The policy had two pertinent provisions. The first, which discussed concealments or misrepresentations, provided:
The entire Policy shall be void from inception ... if the Assured or his agent has concealed or misrepresented in writing or otherwise, any material facts or circumstances concerning this insurance or the subject thereof, or if the Assured or his agent has been guilty of a fraudulent action or attempted fraud or has sworn falsely in reference to any matter or subject relating to this insurance, whether before or after a loss.

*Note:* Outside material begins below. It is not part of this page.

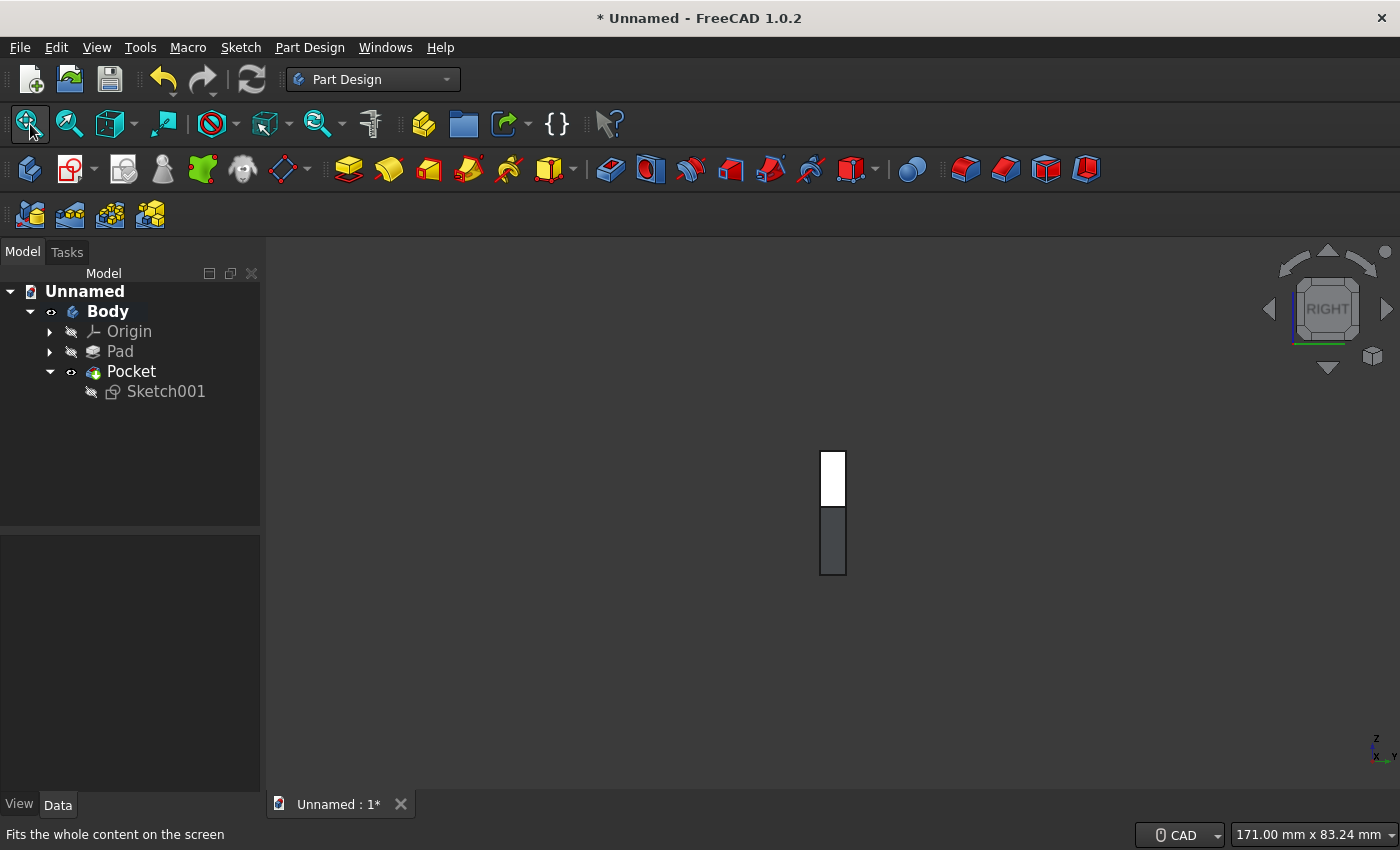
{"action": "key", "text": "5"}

Record, Vol. II at 193. The second provision was a warranty of seaworthiness and provided:
Warranted by the Assured that the Vessel named herein shall be in a seaworthy condition at the time of attachment of this insurance and shall be maintained in a seaworthy condition at all times. If the Vessel shall become unseaworthy as a result of a disaster the Assured shall restore it to a seaworthy condition promptly.

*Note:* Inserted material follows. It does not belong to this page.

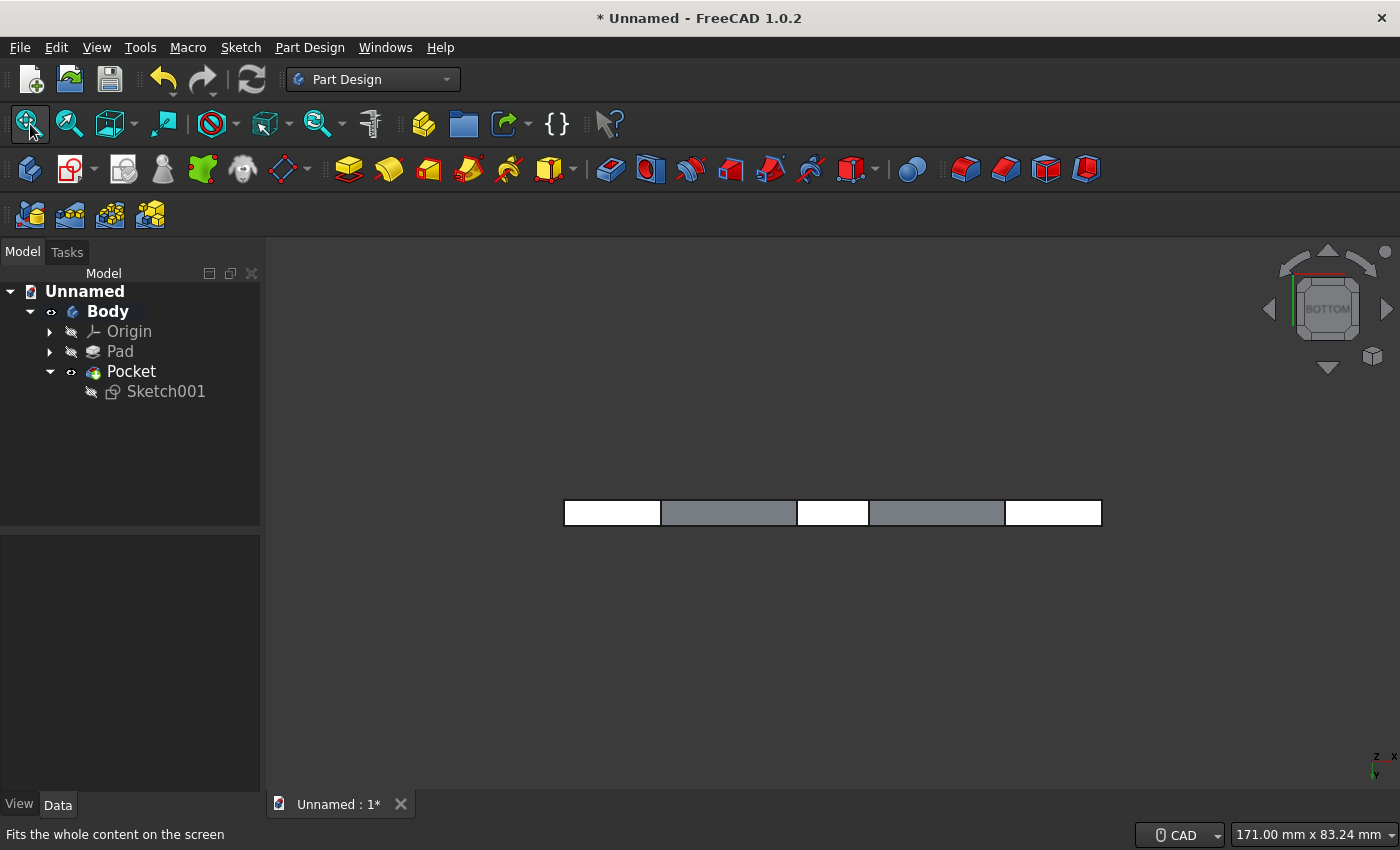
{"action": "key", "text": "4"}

Record, Vol. II at 195. The policy also contained the following endorsement:
BREACH OF WARRANTY
In consideration of an additional premium of $513.00, it is understood and agreed that the Breach of any Warranty under this Policy shall not prejudice the right of the C.I.T., 1821 EXECUTIVE CENTER, DR., JACKSONVILLE, FLA. 32207 to collect in full to the extent of their financial interest in the vessel(s) named herein, in the event of loss, otherwise covered by the Policy. Payment, if any, under this clause being limited to the financial interest of the C.I.T. at the time of the loss, however, not in the excess of $205,000.00.
Record, Vol. II at 198.
No cases or other authority is cited to support the legal conclusion advanced. The article defines an "additional assured" as anyone who has an insurable interest in the property arising from ownership, charter or mortgage
Cases cited by the parties include: Georgia Farm Bureau Mutual Insurance Company v. First Federal Savings & Loan Association of Statesboro, 152 Ga.App. 16, 262 S.E.2d 147, 149-50 (1979); Citizens State of Dickenson, Tex. v. American Fire and Cas. Co., 198 F.2d 57, 59 (5th Cir.1952); Lumberman's Mutual Insurance Company v. Edwards, 293 F.Supp. 687 (E.D.Mo.1968); Fidelity Phenix Fire Ins. Co. v. Garrison, 39 Ariz. 277, 6 P.2d 47, 48 (1931); Union Trust Company of Ellsworth v. Philadelphia Fire and Machine Insurance Company, 127 Me. 528, 145 A. 243, 247 (1929)
The requirements necessary to establish the defense of the equitable estoppel were outlined in Choat v. Rome Industries, Inc., 462 F.Supp. 728 (N.D.Ga.1978):
The person against whom the estoppel is to apply must have actual or constructive knowledge of the facts and must have induced, through his words or conduct, another to rely upon the purported representation. The party seeking to assert estoppel must have had neither knowledge nor a reasonable means or opportunity of obtaining knowledge of the facts and must have relied upon the other party's representations to his detriment.
Id. at 730; see also Cobb County Rural Electric Membership Corporation v. Board of Lights and Water Works of Marietta, 211 Ga. 535, 87 S.E.2d 80 (1955).
See 3 A. Corbin, Corbin on Contracts, Sec. 606 at 649-50 (1960) (Relief is generally denied unless the other party is put in status quo.)